Faith, fear, and love

2017 cornfield in May

Faith feels like the bottom dropping out of life.  In a good way.

I know, I know–faith is the “assurance of things hoped for, the conviction of things not seen” (Hebrews 11:1).  But there’s so much mystery, so much that we can’t wrap our heads around, so much that confounds any attempt on our part to put together a faithful story.  My faith gives me assurance, but not foreknowledge.  Faith is a skittery thing–at least for me.  I experience faith as sinking into the unknown, as giving away certainty and control, as stepping out even though I don’t know all the steps.  The essential markers along the path of faith are signs of relinquishment: repentance, trust, offering, communion, the heart-piercing word.

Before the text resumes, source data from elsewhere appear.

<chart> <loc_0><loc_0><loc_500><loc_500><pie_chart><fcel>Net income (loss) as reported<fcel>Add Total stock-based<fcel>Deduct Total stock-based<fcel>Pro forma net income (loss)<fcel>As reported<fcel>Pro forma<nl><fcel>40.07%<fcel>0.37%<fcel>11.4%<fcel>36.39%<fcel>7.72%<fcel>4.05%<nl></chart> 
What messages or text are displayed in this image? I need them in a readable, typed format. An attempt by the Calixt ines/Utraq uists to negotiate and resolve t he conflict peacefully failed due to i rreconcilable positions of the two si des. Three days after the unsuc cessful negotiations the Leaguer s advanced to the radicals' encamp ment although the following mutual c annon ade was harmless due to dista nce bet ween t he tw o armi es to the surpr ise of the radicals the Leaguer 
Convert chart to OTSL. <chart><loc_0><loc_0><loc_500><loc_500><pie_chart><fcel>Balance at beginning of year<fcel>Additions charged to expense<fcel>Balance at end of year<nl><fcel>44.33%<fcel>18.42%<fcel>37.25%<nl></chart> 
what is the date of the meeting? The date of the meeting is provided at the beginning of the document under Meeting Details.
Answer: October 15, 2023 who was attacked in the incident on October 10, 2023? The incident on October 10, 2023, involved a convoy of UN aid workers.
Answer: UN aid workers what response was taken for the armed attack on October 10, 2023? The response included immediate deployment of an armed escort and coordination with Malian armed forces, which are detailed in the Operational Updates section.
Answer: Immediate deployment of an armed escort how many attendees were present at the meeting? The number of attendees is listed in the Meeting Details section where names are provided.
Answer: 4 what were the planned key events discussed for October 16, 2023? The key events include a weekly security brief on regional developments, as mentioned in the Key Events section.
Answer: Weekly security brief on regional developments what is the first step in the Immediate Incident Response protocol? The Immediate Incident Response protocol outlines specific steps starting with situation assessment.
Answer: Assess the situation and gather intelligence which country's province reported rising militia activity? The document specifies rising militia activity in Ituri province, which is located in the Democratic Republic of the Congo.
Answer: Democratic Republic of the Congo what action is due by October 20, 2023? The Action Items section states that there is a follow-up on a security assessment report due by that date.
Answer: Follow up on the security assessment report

Fear feels like the bottom dropping out of life too, but in the worst way.  Fear can take a perfectly fine summer afternoon and yank some lever, tug along some shadowy pulley, and the floor of the world goes clittery clop drop.  There we are, wondering just what to do next.  Reptile brain to cerebral cortex: fight or flight!  Who am I and what am I supposed to do or say or be in this moment?  The bottom drops right out from underneath us.

2017 locust thorns

Where faith counters fear is not in the assurance of control–not even God’s control–but in the assurance of love.  John wrote in his first letter that love “casts out fear” (1 John 4:18).  This is the assurance of God’s love toward us, and our openness and vulnerability to that love.  In love, we commit to go with Jesus into whatever he’s calling us.  We learn to trust in the God who loves us beyond sickness, beyond loss, beyond confrontation, beyond death.